|GREGORY, JAMES - Mount Sinai School Of Medicine|
|MCTAGGART, ARIEL - Mount Sinai School Of Medicine|
|UMPIERREZ, MICHELLE - Mount Sinai School Of Medicine|
|SAMPSON, HUGH - Mount Sinai School Of Medicine|
|MAYFIELD, STEPHEN - University Of California|
|BERIN, CECILIA - Mount Sinai School Of Medicine|
Submitted to: Plant Biotechnology
Publication Type: Peer Reviewed Journal
Publication Acceptance Date: 11/13/2015
Publication Date: 11/13/2015
Citation: Gregory, J., Mctaggart, A., Umpierrez, M., Hurlburt, B.K., Maleki, S.J., Sampson, H., Mayfield, S., Berin, C. 2015. Immunotherapy using algal-produced Ara h1 core domain suppresses peanut allergy in mice. Plant Biotechnology. 14(7):1541-1150.
Interpretive Summary: Peanut allergy can cause a variety of medical reactions including death via anaphylaxis. There is currently no cure for the disease. Immunotherapy is currently the most plausible treatment. In this approach allergic patients are given small, non-reactive doses of the allergen with a subsequent increasing dose regimen. In the work described in this paper, allergens are produced in algae and tested for reactions in vitro. Algae were chosen because it would afford and cheap reliable source of allergen for immunotherapy.

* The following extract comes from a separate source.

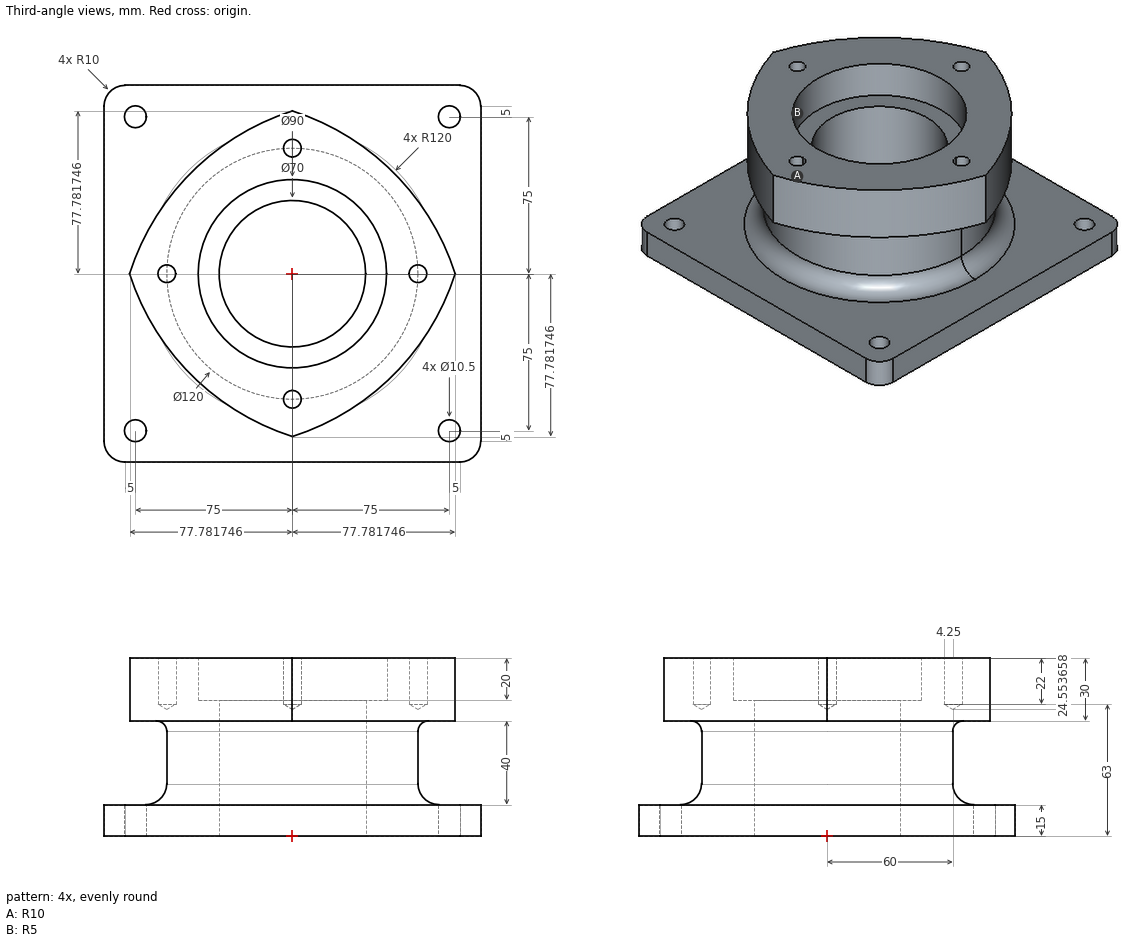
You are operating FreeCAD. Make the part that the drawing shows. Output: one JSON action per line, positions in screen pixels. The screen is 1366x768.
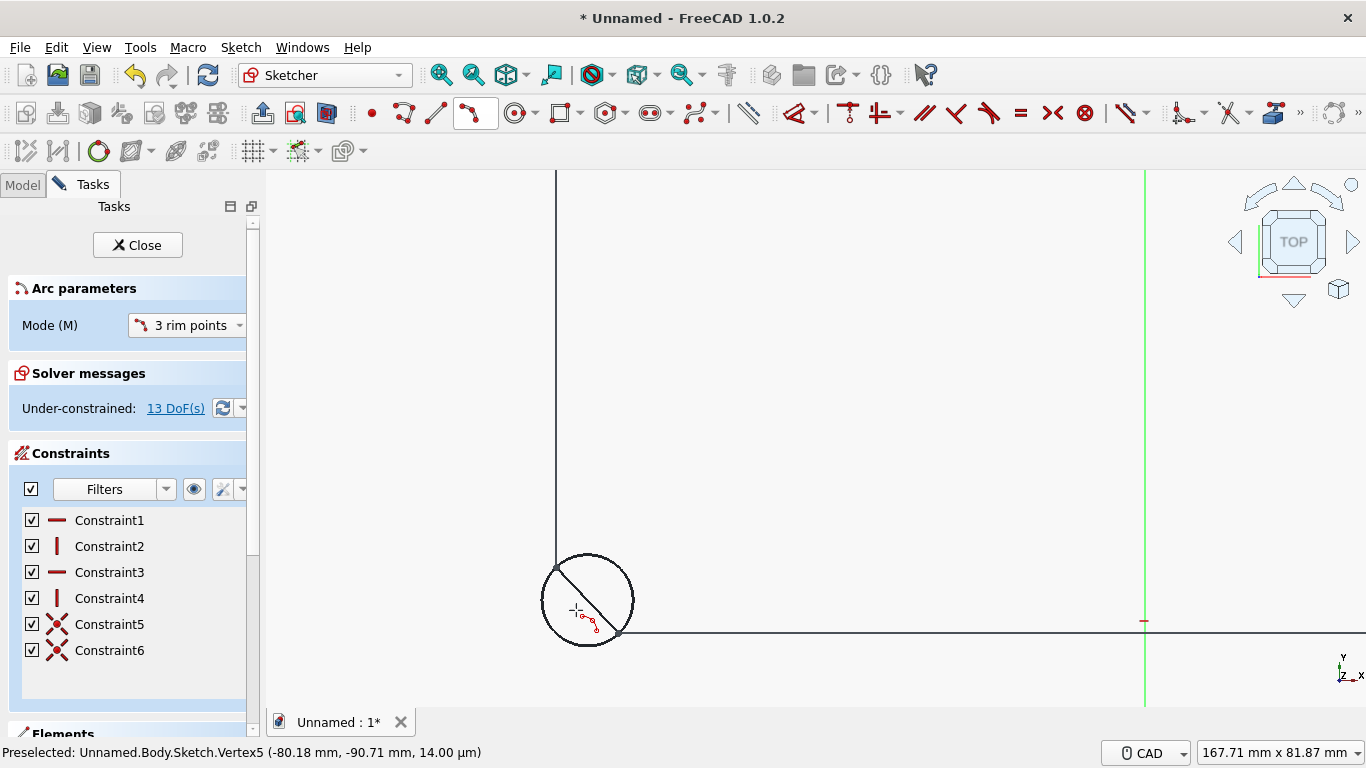
{"action": "left_click", "coordinate": [574, 610]}

Technical Abstract: Peanut allergy is an IgE-mediated adverse reaction to a subset of proteins found in peanuts. Immunotherapy aims to desensitize allergic patients through repeated and escalating exposures for several months to years using extracts or flours. The complex mix of proteins and variability between preparations complicates immunotherapy studies. Moreover, peanut immunotherapy is associated with frequent negative side effects and patients are often at risk of allergic reactions once immunotherapy is discontinued. Allergen specific approaches using recombinant proteins are an attractive alternative because they allow more precise dosing and the opportunity to engineer proteins with improved safety profiles. We tested whether Ara h1 and Ara h2, two major peanut allergens, could be produced using chloroplast of the unicellular eukaryotic alga, Chlamydomonas reinhardtii. C. reinhardtii is novel host for producing allergens that is genetically tractable, inexpensive and easy to grow, and is able to produce more complex proteins than bacterial hosts. Compared to the native proteins, algal-produced Ara h1 core domain and Ara h2 have a reduced affinity for IgE from peanut allergic patients. We further found that immunotherapy using algal-Ara h1 core domain confers protection from peanut induced anaphylaxis in a murine model of peanut allergy.